Certain behaviour such as tantrums can be more easily understood, and may convey that a child is experiencing anger or frustration. However, behaviour such as hiding under a table or running out of school may be more difficult to understand and the feelings behind the behaviour less obvious to identify.  Some children may be living with challenging external experiences that can have a profound impact on their behaviour and ability to access learning and succeed at school. If a child is living with inconsistent and unpredictable parenting, domestic violence, abuse or neglect, these can all affect their behaviour and ability to feel safe and secure in the world. Feelings such as fear, worry and anxiety can all be triggered by these external circumstances and manifest in children’s behaviour. When children do not have clear and consistent boundaries and experiences outside of school, it can result in them displaying challenging and concerning behaviour in school. It can be useful to look at the possible reasons and feelings behind children’s behaviour as this can be crucial in being able to respond to their needs appropriately.

Kyle aged 7 lived with his parents and three younger sisters in a house dominated by conflict and drama. His parents would frequently shout at each other, blame each other for things and focus on themselves rather than the children. His dad would often leave home after an argument and return home a few days later. His mum had periods of depression and would demonstrate unpredictable responses to his behaviour, such as laughing when he had paint on his school jumper on one day and screaming at him when it happened on another day. Kyle learnt that adults were unpredictable and couldn’t be trusted, the world was a scary place and that objects were much easier to manage. At school his pockets were always full of bits and pieces he had brought from home or collected around school. He was always fiddling with things and would chew his jumper if the objects were taken from him by a member of school staff. He was often distracted, couldn’t retain instructions and would sometimes go to his drawer and just stand in front of it, unable to remember what he had been asked to do. He experienced any changes in the school routine as difficult, especially when his class teacher had her weekly preparation time.

Kyle’s behaviour was clearly indicating his high levels of anxiety and fear, and he was using the objects to self soothe and try and reduce his own anxiety.
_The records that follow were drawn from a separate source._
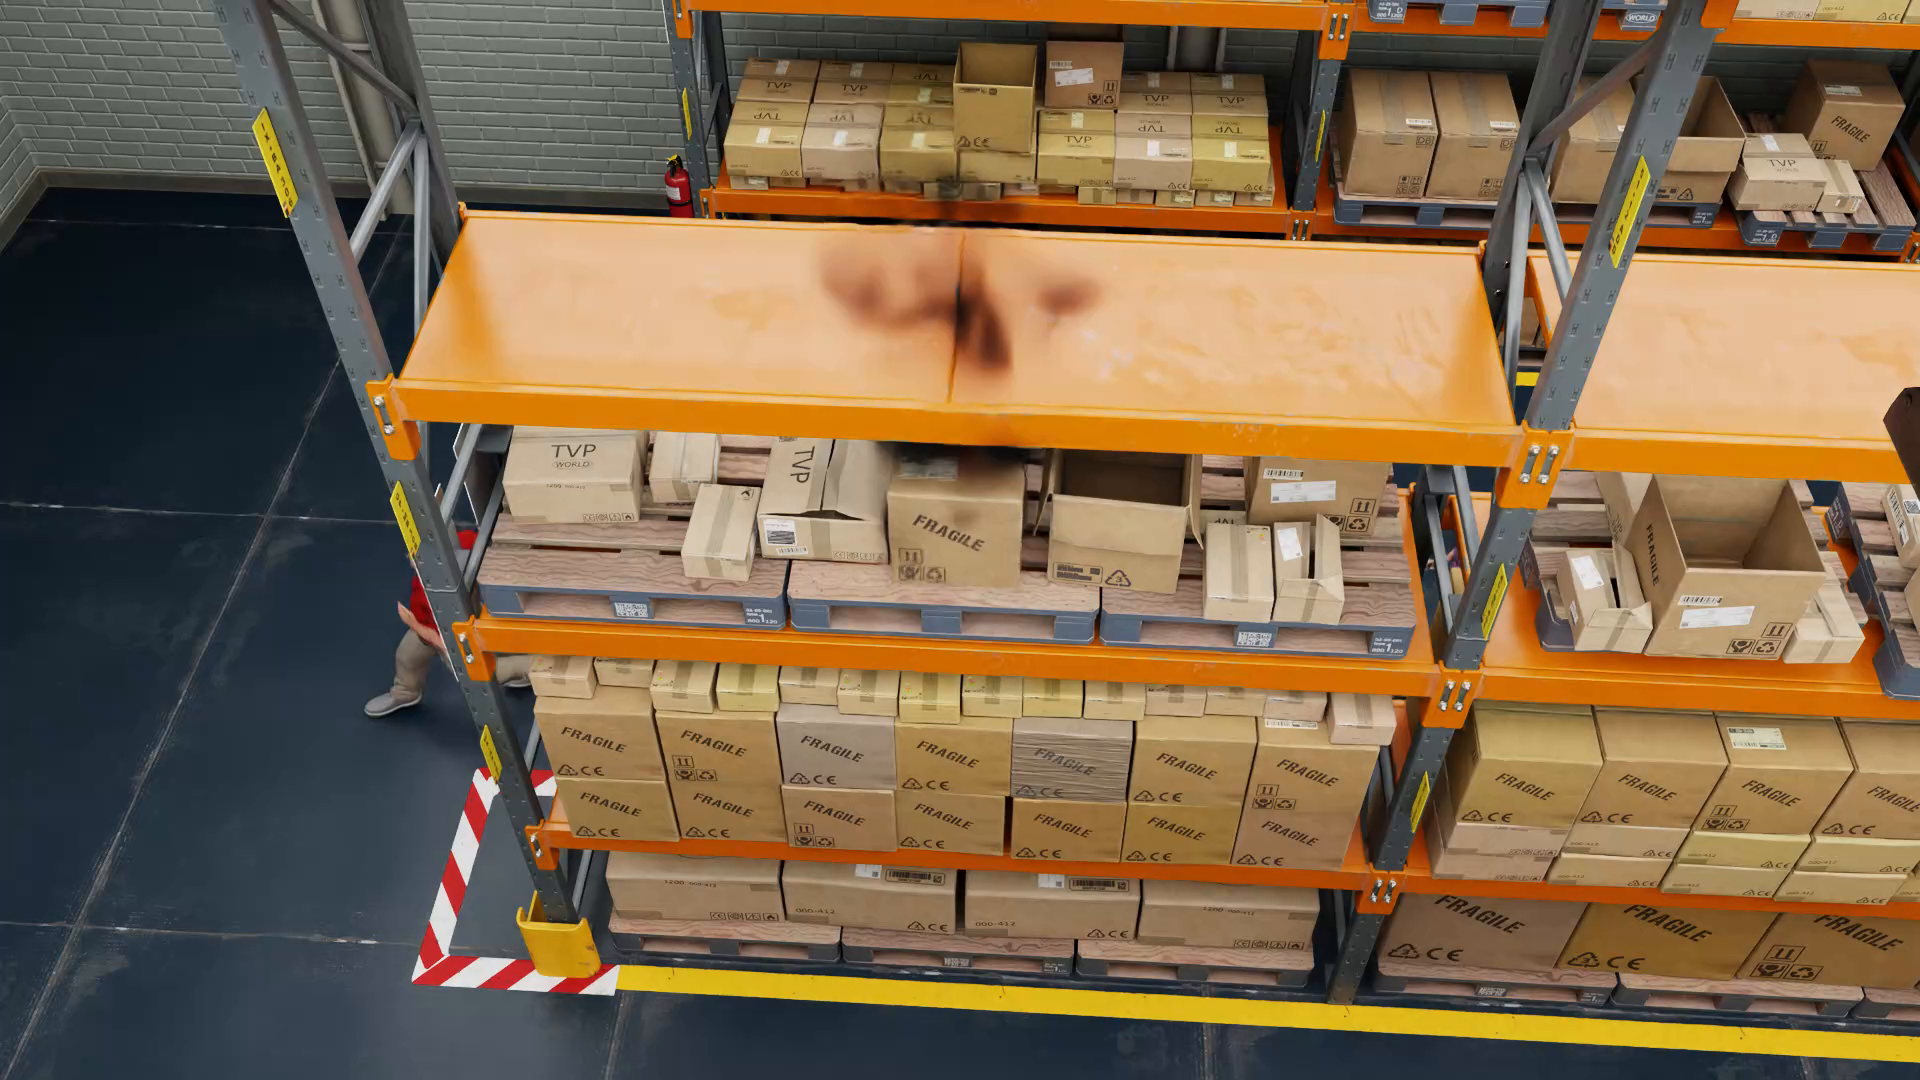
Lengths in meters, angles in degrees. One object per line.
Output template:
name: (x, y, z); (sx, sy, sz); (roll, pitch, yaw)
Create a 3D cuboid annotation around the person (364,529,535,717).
person: (-2.873, 0.515, 9.173); (1.092, 1.587, 0.743); (-20, 51, -17)

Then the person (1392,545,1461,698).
person: (2.920, 0.348, 9.363); (0.840, 1.591, 0.544); (-3, 48, -3)

I suggested his class teacher provide him with a daily visual timetable which she can discuss with him to acknowledge any changes. I encouraged her to acknowledge his possible feelings by using comments such as “ Sometimes it can be scary when we don’t know what is going to happen”. This tentative exploration can help children to feel seen and their feelings validated in a gentle but reassuring way. I explained that for children like Kyle, their head can be so full of fears and worries from outside school that it can affect their learning. I thought it may also be helpful to just give him one instruction at a time, rather than several as that can feel overwhelming for a child whose head is too full already. I also encouraged her to give Kyle a small object, such as a plastic animal or figure for him to look after for her whilst she was out of class as this would reduce his anxiety about her leaving as he would be reassured that she would be back to collect the object. When a child lives with unpredictability outside of school, it is crucial that they are provided with structure, routine and consistency in school wherever possible to enable them to feel safe and have an alternative experience of the world.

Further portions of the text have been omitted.